RECORDS TO USE:
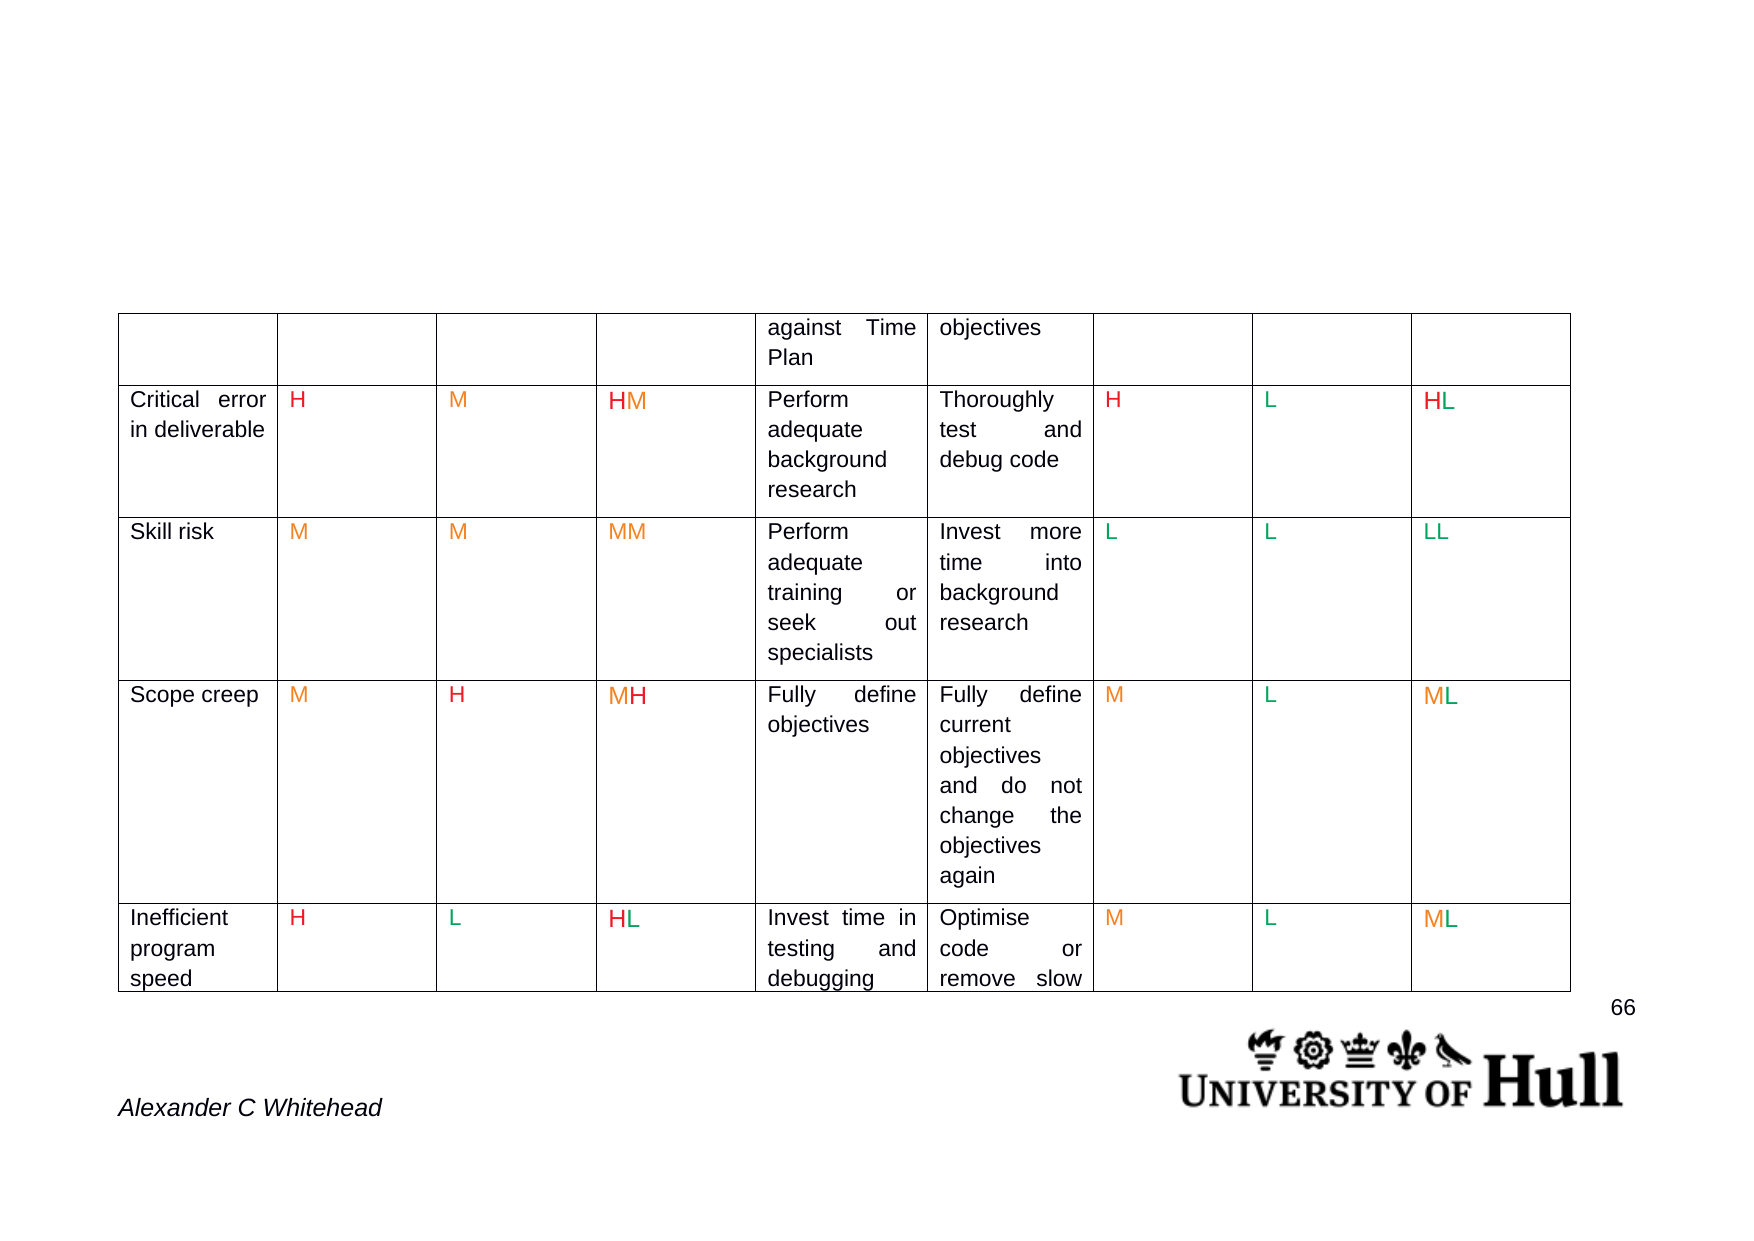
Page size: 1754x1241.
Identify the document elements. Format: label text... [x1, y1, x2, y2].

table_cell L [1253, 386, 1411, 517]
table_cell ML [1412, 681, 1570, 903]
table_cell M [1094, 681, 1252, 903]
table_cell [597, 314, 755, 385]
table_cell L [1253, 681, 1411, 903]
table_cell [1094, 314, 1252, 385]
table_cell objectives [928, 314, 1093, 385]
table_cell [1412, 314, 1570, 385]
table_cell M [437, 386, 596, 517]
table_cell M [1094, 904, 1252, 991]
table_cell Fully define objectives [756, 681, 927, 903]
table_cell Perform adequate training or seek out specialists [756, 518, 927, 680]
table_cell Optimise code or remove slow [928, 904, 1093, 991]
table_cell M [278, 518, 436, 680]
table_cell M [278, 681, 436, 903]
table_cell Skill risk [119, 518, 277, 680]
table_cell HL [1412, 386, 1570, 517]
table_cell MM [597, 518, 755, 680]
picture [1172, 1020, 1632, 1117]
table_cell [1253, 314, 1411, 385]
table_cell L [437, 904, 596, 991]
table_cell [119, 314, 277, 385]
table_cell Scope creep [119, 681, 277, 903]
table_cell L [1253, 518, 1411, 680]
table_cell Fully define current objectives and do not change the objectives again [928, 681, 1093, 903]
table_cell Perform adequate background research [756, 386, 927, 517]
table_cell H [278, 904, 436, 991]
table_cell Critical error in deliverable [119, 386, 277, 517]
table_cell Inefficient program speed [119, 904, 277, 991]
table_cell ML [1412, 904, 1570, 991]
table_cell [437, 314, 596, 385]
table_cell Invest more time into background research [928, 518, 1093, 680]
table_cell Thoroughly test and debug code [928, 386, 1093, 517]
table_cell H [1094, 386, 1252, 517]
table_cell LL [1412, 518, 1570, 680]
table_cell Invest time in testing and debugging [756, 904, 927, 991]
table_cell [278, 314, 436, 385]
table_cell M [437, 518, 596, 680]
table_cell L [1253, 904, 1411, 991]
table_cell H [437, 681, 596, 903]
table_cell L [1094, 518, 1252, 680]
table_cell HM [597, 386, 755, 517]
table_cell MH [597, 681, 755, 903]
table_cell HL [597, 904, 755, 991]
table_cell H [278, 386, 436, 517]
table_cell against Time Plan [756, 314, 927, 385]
--
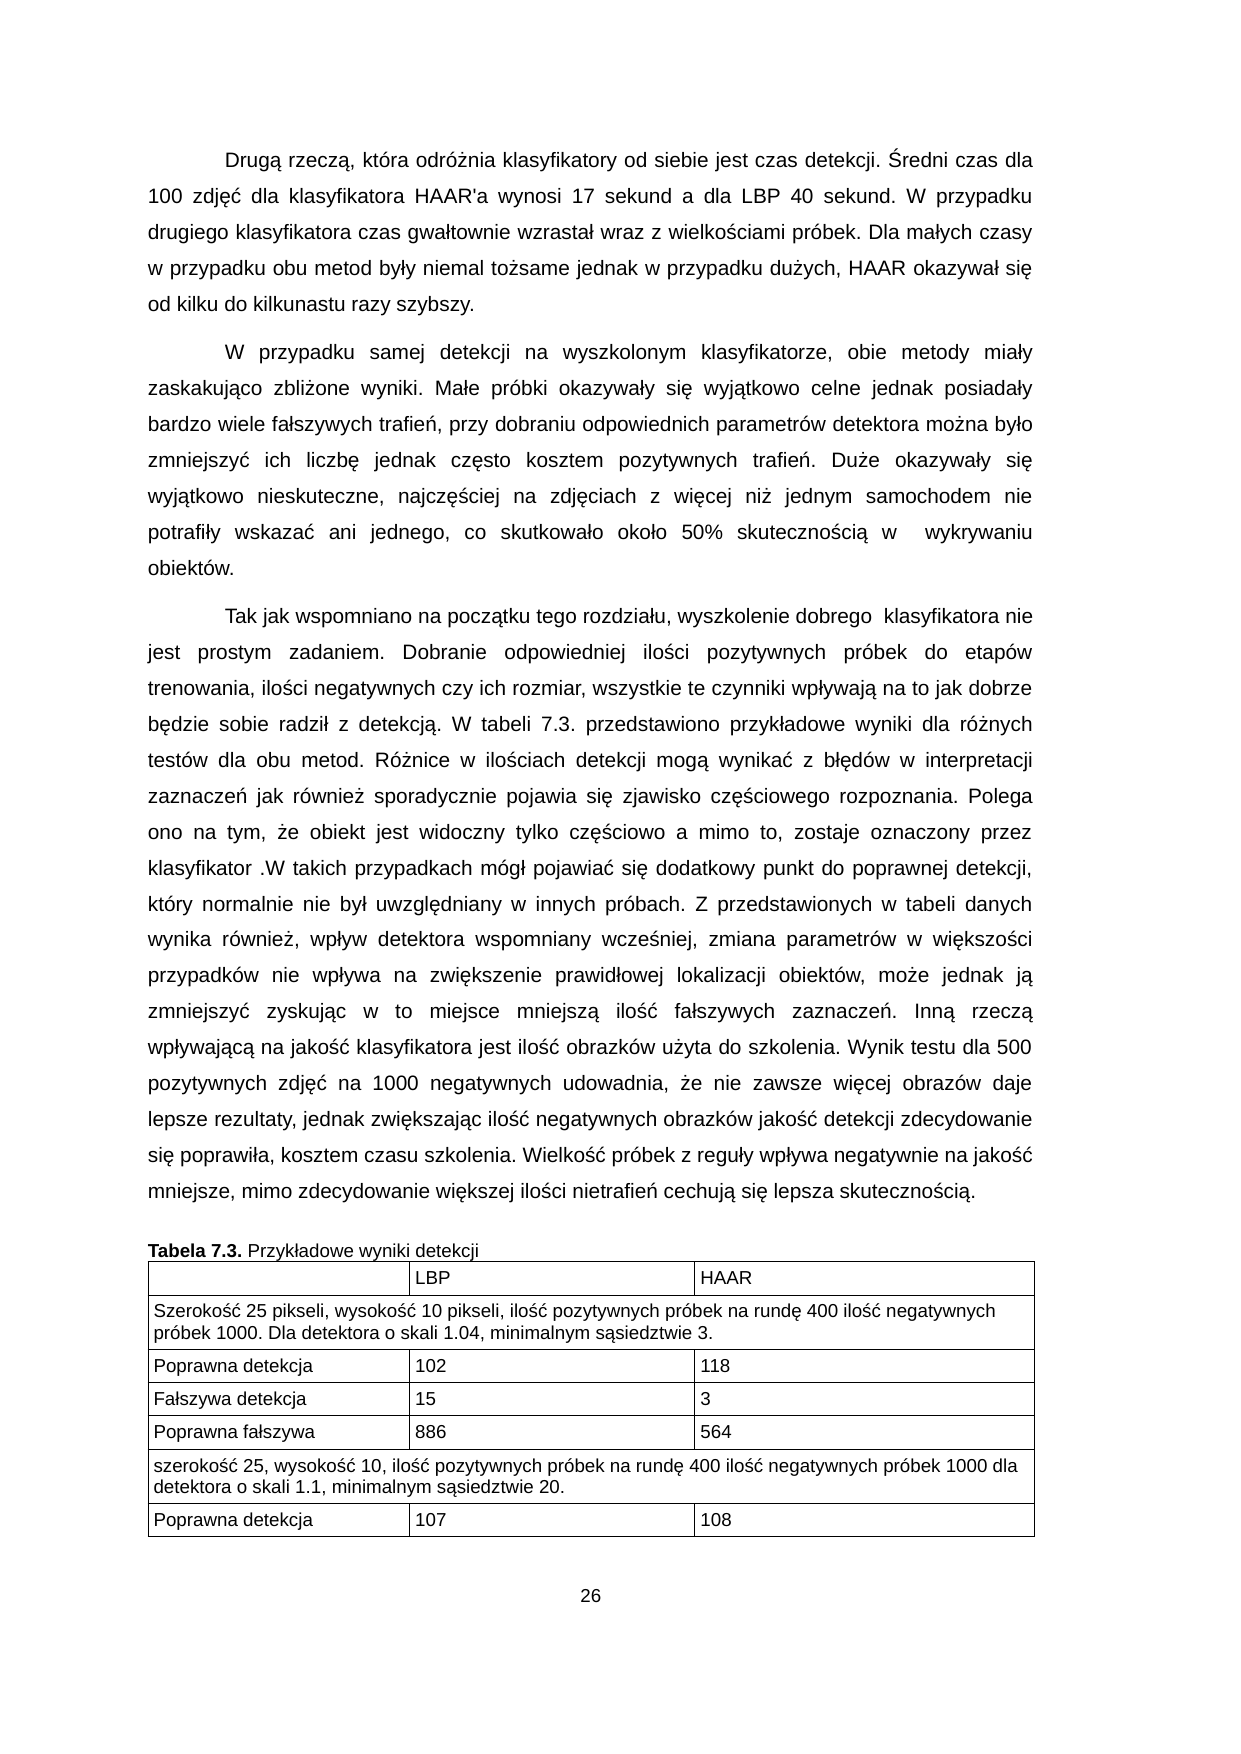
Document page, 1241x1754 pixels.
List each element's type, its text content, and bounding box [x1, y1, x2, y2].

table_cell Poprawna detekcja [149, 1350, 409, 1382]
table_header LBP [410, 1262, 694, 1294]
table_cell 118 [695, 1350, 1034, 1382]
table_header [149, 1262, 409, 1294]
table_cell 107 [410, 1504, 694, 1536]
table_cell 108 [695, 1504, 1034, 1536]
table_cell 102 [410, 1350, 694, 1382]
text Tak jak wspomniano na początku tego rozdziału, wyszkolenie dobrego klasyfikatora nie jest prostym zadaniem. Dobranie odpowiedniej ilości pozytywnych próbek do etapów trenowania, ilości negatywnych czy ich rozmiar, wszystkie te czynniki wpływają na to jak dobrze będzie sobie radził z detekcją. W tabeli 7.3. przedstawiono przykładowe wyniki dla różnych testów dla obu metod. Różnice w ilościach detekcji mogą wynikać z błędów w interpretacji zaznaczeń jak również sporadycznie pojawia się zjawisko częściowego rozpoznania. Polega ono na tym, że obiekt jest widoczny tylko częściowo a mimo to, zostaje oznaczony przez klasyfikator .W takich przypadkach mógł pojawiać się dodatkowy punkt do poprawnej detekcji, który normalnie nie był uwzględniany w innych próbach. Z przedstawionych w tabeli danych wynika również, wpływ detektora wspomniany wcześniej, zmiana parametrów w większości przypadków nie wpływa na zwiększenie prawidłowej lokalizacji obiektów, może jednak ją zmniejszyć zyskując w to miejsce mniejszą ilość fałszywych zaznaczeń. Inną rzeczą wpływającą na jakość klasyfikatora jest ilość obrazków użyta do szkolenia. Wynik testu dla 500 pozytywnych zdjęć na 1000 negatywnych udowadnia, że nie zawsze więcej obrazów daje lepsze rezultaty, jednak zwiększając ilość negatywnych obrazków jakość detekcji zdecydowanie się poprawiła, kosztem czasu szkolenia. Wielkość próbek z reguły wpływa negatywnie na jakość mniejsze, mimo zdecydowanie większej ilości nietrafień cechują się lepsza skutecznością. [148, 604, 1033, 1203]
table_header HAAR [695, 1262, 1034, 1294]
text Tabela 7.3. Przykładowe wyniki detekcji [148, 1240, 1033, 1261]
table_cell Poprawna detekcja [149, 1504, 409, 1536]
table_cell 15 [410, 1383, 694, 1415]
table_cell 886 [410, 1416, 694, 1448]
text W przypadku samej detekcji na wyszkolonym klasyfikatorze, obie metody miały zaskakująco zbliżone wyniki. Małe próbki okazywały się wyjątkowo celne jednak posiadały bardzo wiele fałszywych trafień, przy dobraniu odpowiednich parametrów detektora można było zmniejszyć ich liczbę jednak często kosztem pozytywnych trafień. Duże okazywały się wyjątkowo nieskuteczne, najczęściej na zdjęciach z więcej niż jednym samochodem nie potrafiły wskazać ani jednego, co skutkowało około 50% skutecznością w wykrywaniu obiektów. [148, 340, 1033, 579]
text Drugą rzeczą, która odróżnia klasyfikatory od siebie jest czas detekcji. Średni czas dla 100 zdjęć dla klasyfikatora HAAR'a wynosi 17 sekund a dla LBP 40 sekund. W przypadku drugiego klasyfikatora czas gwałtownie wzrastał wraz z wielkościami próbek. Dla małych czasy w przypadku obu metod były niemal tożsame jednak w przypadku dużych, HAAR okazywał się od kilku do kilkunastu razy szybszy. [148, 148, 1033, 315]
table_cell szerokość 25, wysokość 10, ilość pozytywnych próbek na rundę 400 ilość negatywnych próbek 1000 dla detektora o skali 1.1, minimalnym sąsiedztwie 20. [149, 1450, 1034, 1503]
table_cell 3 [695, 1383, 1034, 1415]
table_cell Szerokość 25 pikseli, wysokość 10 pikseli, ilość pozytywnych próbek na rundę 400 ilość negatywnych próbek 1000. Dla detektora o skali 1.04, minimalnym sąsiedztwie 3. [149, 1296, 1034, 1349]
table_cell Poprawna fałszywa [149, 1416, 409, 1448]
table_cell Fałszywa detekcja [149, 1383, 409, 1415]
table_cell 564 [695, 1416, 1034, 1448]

ASSIGNMENT:
Everything from the line with "table_cell Optimise code" through the line with "table_cell H [1094, 386, 1252, 517]" should be written out exactly as it appears above, end lines included, and nothing outside that range.

RESULT FOR THIS EXERCISE:
table_cell Optimise code or remove slow [928, 904, 1093, 991]
table_cell M [278, 518, 436, 680]
table_cell M [278, 681, 436, 903]
table_cell Skill risk [119, 518, 277, 680]
table_cell HL [1412, 386, 1570, 517]
table_cell MM [597, 518, 755, 680]
picture [1172, 1020, 1632, 1117]
table_cell [1253, 314, 1411, 385]
table_cell L [437, 904, 596, 991]
table_cell [119, 314, 277, 385]
table_cell Scope creep [119, 681, 277, 903]
table_cell L [1253, 518, 1411, 680]
table_cell Fully define current objectives and do not change the objectives again [928, 681, 1093, 903]
table_cell Perform adequate background research [756, 386, 927, 517]
table_cell H [278, 904, 436, 991]
table_cell Critical error in deliverable [119, 386, 277, 517]
table_cell Inefficient program speed [119, 904, 277, 991]
table_cell ML [1412, 904, 1570, 991]
table_cell [437, 314, 596, 385]
table_cell Invest more time into background research [928, 518, 1093, 680]
table_cell Thoroughly test and debug code [928, 386, 1093, 517]
table_cell H [1094, 386, 1252, 517]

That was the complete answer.